* [PROMPT]:
Without including any pictures, write out all the entries exactly.

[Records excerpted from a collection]

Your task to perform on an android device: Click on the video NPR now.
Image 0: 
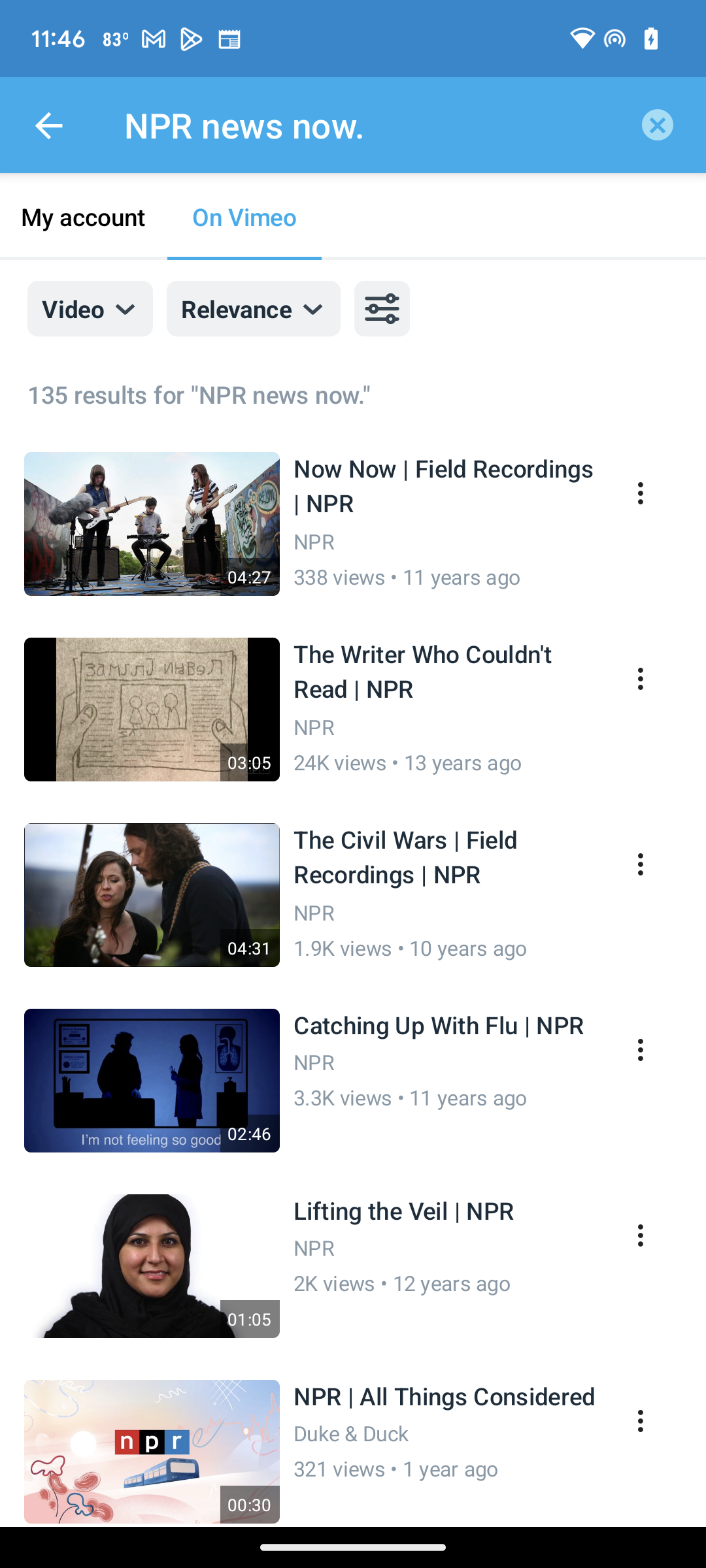
Click on the first video.
Step 0: click (239, 540)
Image 1: 
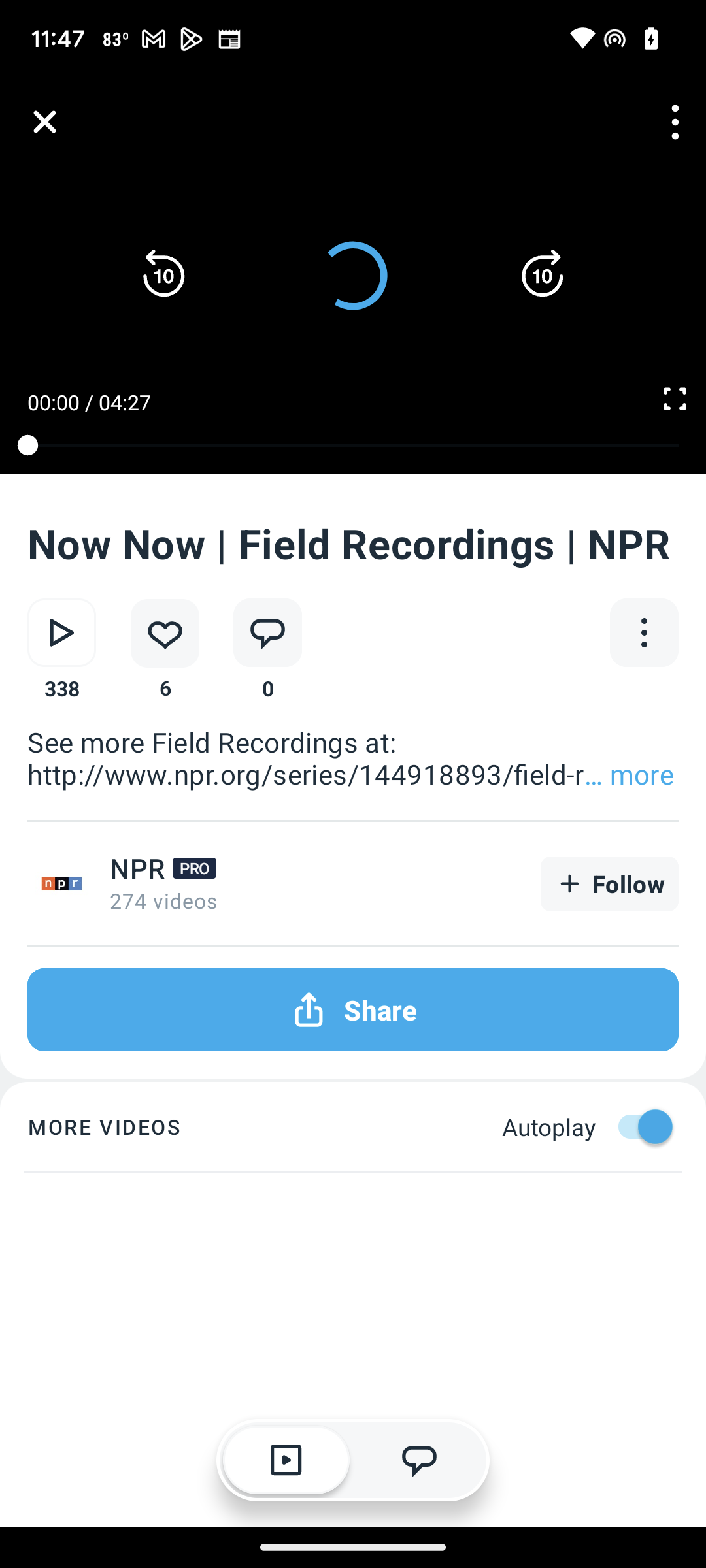
Click on the first video.
Step 1: wait

* [FINISHED TASK]:
Your task to perform on an android device: Click on the video NPR now.
Image 0: 
Click on the first video.
Step 0: click (239, 540)
Image 1: 
Click on the first video.
Step 1: wait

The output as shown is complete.